Er und Fritz sprangen in die Jolle und ruderten ein paarmal um den Dampfer herum, darauf vertäuten sie sie achtern und stiegen die Leiter wieder hinauf. Kein Mensch hatte von diesem Manöver Notiz genommen, jetzt galt es, den richtigen Augenblick abzuwarten, um die Sachen hinunterzufieren.
Gegen acht Uhr abends war es pechdunkel, denn der Mond war noch nicht aufgegangen, und auf dem »Don Carlos« rührte sich fast nichts. Alle an Bord waren müde. Einige Soldaten und Matrosen saßen um eine Laterne auf Deck, spielten Karten und rauchten. Die übrigen schliefen schon.
Fritz und Peter trugen nach und nach alles, was sie mitnehmen wollten aufs Roof hinauf. Das Wichtigste, der Schrein, war in ein Bündel Zeug eingewickelt; nichts wurde vergessen. Sogar einen kleinen Wasserkessel holten sie aus der Kombüse, mitsamt einer Handlaterne und Schwefelhölzern.

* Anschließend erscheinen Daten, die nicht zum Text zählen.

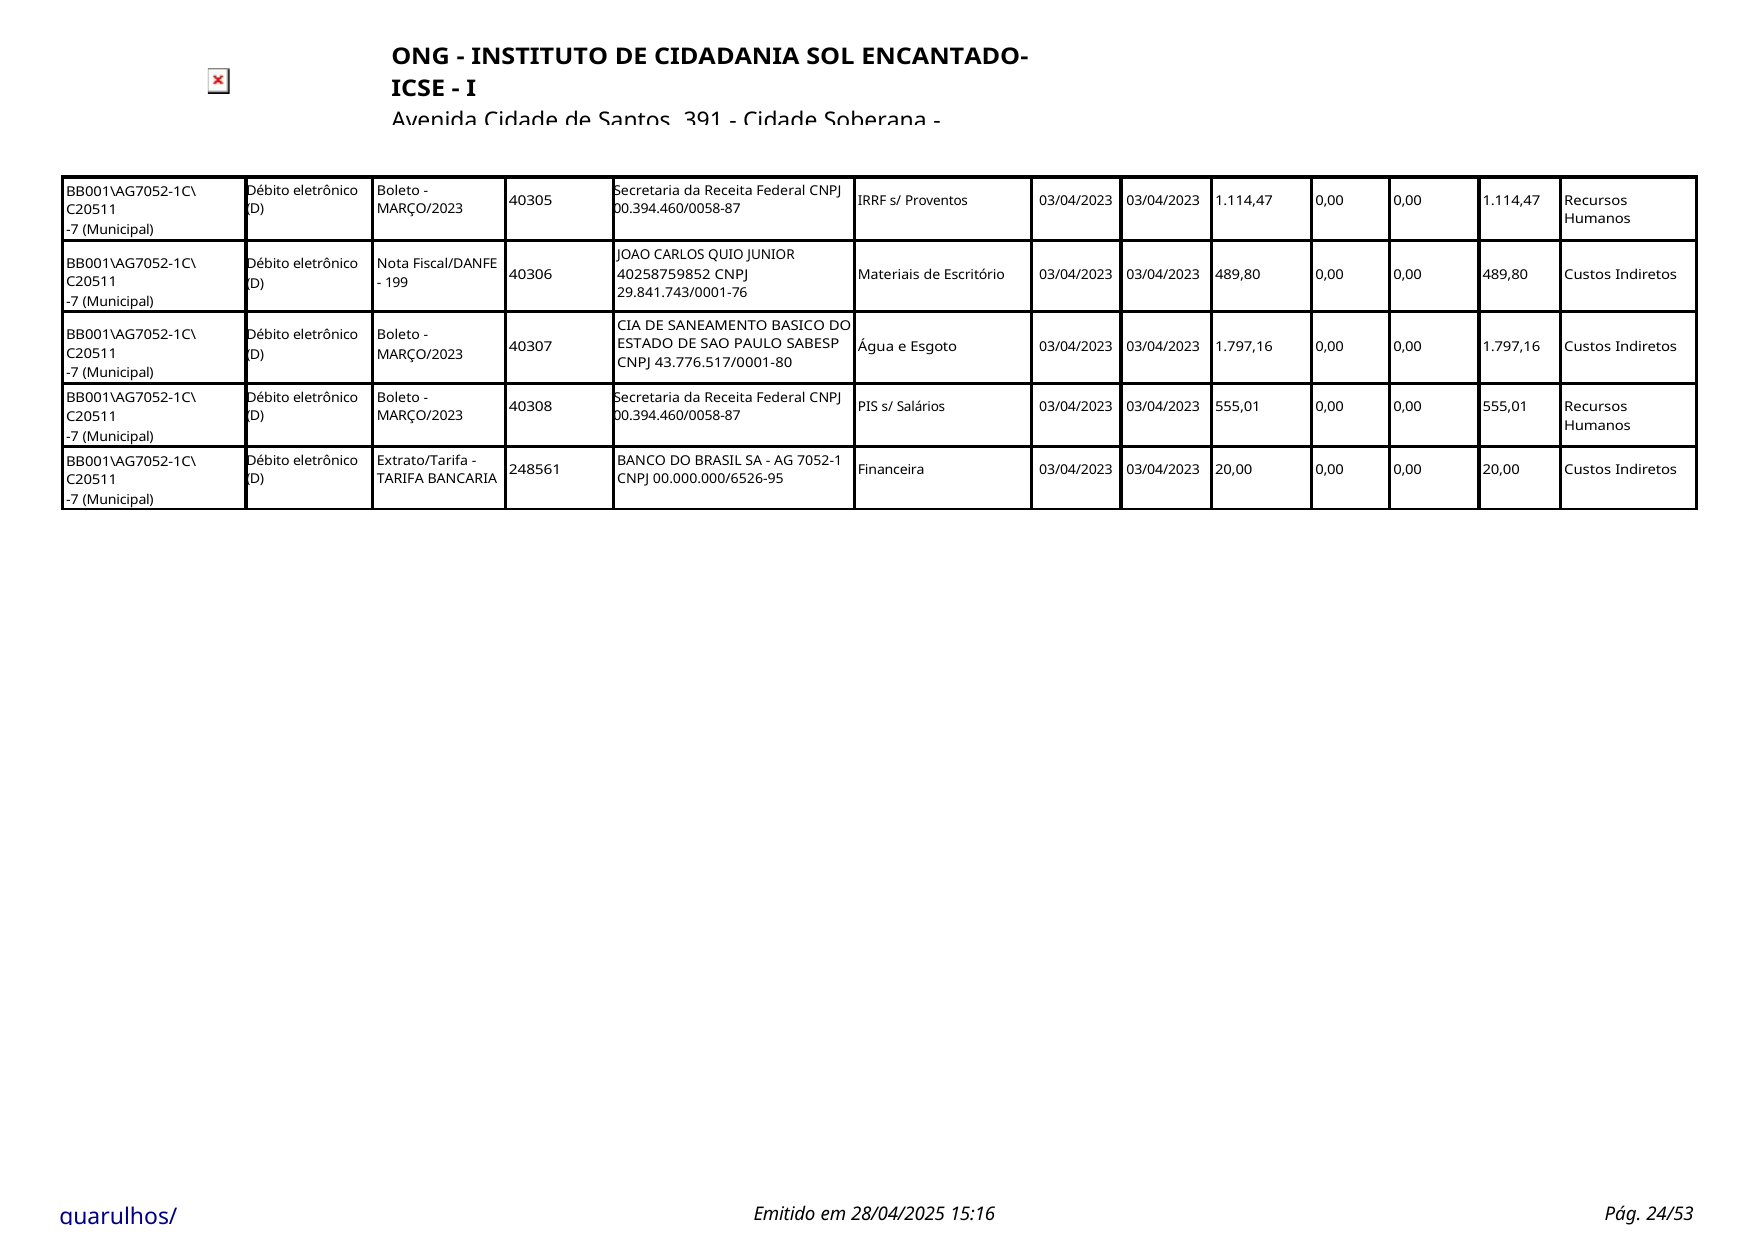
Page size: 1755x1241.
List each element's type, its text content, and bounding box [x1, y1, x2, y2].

table_cell 0,00 [1391, 385, 1477, 445]
table_cell 20,00 [1213, 448, 1310, 508]
table_cell BB001\AG7052-1C\C20511 -7 (Municipal) [64, 385, 244, 445]
table_cell 03/04/2023 [1123, 179, 1210, 238]
table_cell 0,00 [1313, 313, 1388, 382]
table_cell 248561 [507, 448, 612, 508]
table_cell Nota Fiscal/DANFE - 199 [374, 242, 504, 310]
table_cell 0,00 [1313, 385, 1388, 445]
table_cell Débito eletrônico (D) [248, 242, 371, 310]
table_cell Água e Esgoto [856, 313, 1030, 382]
table_cell BANCO DO BRASIL SA - AG 7052-1 CNPJ 00.000.000/6526-95 [615, 448, 853, 508]
table_cell 0,00 [1391, 313, 1477, 382]
table_cell BB001\AG7052-1C\C20511 -7 (Municipal) [64, 242, 244, 310]
table_cell Débito eletrônico (D) [248, 385, 371, 445]
table_cell 03/04/2023 [1033, 179, 1119, 238]
table_cell 555,01 [1481, 385, 1559, 445]
table_cell Boleto - MARÇO/2023 [374, 313, 504, 382]
table_cell 489,80 [1481, 242, 1559, 310]
table_cell Secretaria da Receita Federal CNPJ 00.394.460/0058-87 [615, 179, 853, 238]
table_cell 1.797,16 [1481, 313, 1559, 382]
table_cell PIS s/ Salários [856, 385, 1030, 445]
table_cell 0,00 [1313, 448, 1388, 508]
table_cell 0,00 [1313, 242, 1388, 310]
table_cell 0,00 [1391, 179, 1477, 238]
table_cell IRRF s/ Proventos [856, 179, 1030, 238]
table_cell Materiais de Escritório [856, 242, 1030, 310]
table_cell Custos Indiretos [1562, 242, 1695, 310]
table_cell 03/04/2023 [1033, 313, 1119, 382]
table_cell Custos Indiretos [1562, 448, 1695, 508]
table_cell 03/04/2023 [1033, 448, 1119, 508]
table_cell 40308 [507, 385, 612, 445]
table_cell Recursos Humanos [1562, 179, 1695, 238]
table_cell BB001\AG7052-1C\C20511 -7 (Municipal) [64, 313, 244, 382]
table_cell 40306 [507, 242, 612, 310]
table_cell 03/04/2023 [1033, 242, 1119, 310]
table_cell 03/04/2023 [1123, 385, 1210, 445]
table_cell 489,80 [1213, 242, 1310, 310]
table_cell 1.114,47 [1213, 179, 1310, 238]
table_cell BB001\AG7052-1C\C20511 -7 (Municipal) [64, 179, 244, 238]
table_cell 03/04/2023 [1123, 448, 1210, 508]
table_cell Boleto - MARÇO/2023 [374, 179, 504, 238]
table_cell Débito eletrônico (D) [248, 179, 371, 238]
table_cell 03/04/2023 [1123, 242, 1210, 310]
table_cell Extrato/Tarifa - TARIFA BANCARIA [374, 448, 504, 508]
table_cell Recursos Humanos [1562, 385, 1695, 445]
table_cell 03/04/2023 [1033, 385, 1119, 445]
table_cell 03/04/2023 [1123, 313, 1210, 382]
table_cell 0,00 [1313, 179, 1388, 238]
table_cell Boleto - MARÇO/2023 [374, 385, 504, 445]
table_cell 40307 [507, 313, 612, 382]
table_cell 555,01 [1213, 385, 1310, 445]
table_cell Débito eletrônico (D) [248, 313, 371, 382]
table_cell Financeira [856, 448, 1030, 508]
table_cell JOAO CARLOS QUIO JUNIOR 40258759852 CNPJ 29.841.743/0001-76 [615, 242, 853, 310]
table_cell Custos Indiretos [1562, 313, 1695, 382]
table_cell Secretaria da Receita Federal CNPJ 00.394.460/0058-87 [615, 385, 853, 445]
table_cell Débito eletrônico (D) [248, 448, 371, 508]
table_cell CIA DE SANEAMENTO BASICO DO ESTADO DE SAO PAULO SABESP CNPJ 43.776.517/0001-80 [615, 313, 853, 382]
table_cell 1.797,16 [1213, 313, 1310, 382]
table_cell 20,00 [1481, 448, 1559, 508]
table_cell 1.114,47 [1481, 179, 1559, 238]
table_cell BB001\AG7052-1C\C20511 -7 (Municipal) [64, 448, 244, 508]
table_cell 0,00 [1391, 448, 1477, 508]
table_cell 40305 [507, 179, 612, 238]
table_cell 0,00 [1391, 242, 1477, 310]

Immer tiefere Stille senkte sich auf den Dampfer herab, der letzte Matrose streckte sich gähnend auf die Deckplanken. Jetzt war der Augenblick da.
Lautlos wie eine Katze schlich Peter die Leiter hinab und in die Jolle. Ein Paket nach dem anderen wurde heruntergefiert, dann kam Fritz selbst, das Tau wurde gelöst, und die Jolle trieb mit dem Strom davon.
Von neuem saßen die Jungen in dem kleinen, treuen Boot, aber freilich besser ausgerüstet, als nach dem Schiffbruch auf hohem Meer. Mit einem Gefühl der Befreiung ließen sie den alten, schmutzigen Dampfer hinter sich, leichten Herzens sahen sie den schwarzen Rumpf im Dunkel der Nacht verschwinden; und wie der Fluß die Jolle mit sich fortführte und die Lichter des Dorfes immer kleiner wurden, hatten sie beide das Gefühl: jetzt geht es heimwärts!